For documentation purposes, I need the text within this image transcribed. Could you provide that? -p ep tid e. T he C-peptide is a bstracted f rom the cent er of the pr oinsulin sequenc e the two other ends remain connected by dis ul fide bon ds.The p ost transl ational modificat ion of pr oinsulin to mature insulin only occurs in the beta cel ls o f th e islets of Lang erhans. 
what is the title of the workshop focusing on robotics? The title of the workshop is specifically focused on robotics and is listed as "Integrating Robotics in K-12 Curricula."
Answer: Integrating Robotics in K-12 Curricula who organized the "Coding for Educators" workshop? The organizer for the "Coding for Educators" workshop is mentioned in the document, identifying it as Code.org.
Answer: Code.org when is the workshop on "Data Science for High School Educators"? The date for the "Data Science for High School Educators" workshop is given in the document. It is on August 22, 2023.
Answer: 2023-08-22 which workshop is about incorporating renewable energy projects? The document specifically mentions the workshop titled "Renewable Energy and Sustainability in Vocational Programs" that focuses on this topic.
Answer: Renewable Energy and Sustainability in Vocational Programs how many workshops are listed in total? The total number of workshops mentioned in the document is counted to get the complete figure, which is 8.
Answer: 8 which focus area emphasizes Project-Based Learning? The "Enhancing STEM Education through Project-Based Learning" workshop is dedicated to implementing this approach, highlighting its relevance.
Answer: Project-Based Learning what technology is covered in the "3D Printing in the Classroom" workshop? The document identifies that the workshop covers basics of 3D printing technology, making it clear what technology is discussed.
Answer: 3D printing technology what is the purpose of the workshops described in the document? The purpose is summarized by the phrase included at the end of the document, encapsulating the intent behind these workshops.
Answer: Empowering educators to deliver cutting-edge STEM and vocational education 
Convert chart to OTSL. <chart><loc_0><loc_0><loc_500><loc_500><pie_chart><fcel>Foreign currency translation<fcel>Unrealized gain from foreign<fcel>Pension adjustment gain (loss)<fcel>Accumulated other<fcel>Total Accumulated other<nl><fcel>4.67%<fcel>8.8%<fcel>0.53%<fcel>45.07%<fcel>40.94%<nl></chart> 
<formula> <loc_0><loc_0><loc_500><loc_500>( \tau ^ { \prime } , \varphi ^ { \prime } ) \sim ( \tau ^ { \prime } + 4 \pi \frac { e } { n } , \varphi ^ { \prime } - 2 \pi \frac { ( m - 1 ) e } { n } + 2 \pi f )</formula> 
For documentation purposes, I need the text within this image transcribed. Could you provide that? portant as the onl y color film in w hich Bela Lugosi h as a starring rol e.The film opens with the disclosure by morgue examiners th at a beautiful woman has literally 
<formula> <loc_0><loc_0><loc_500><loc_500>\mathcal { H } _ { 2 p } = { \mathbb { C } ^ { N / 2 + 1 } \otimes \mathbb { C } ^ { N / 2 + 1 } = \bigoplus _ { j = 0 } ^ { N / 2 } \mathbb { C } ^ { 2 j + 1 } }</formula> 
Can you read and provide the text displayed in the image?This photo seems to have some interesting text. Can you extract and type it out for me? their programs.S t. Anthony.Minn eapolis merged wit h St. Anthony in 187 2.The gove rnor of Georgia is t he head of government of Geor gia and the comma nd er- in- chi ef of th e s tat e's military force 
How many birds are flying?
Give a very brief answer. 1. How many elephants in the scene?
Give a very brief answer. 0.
:::
→ **Task directions**: Retype, exactly and with nothing added, the lines of the material above from the first through the one that contains "Answer: 2023-08-22 which".

→ **Exercise answer**:
For documentation purposes, I need the text within this image transcribed. Could you provide that? -p ep tid e. T he C-peptide is a bstracted f rom the cent er of the pr oinsulin sequenc e the two other ends remain connected by dis ul fide bon ds.The p ost transl ational modificat ion of pr oinsulin to mature insulin only occurs in the beta cel ls o f th e islets of Lang erhans. 
what is the title of the workshop focusing on robotics? The title of the workshop is specifically focused on robotics and is listed as "Integrating Robotics in K-12 Curricula."
Answer: Integrating Robotics in K-12 Curricula who organized the "Coding for Educators" workshop? The organizer for the "Coding for Educators" workshop is mentioned in the document, identifying it as Code.org.
Answer: Code.org when is the workshop on "Data Science for High School Educators"? The date for the "Data Science for High School Educators" workshop is given in the document. It is on August 22, 2023.
Answer: 2023-08-22 which workshop is about incorporating renewable energy projects? The document specifically mentions the workshop titled "Renewable Energy and Sustainability in Vocational Programs" that focuses on this topic.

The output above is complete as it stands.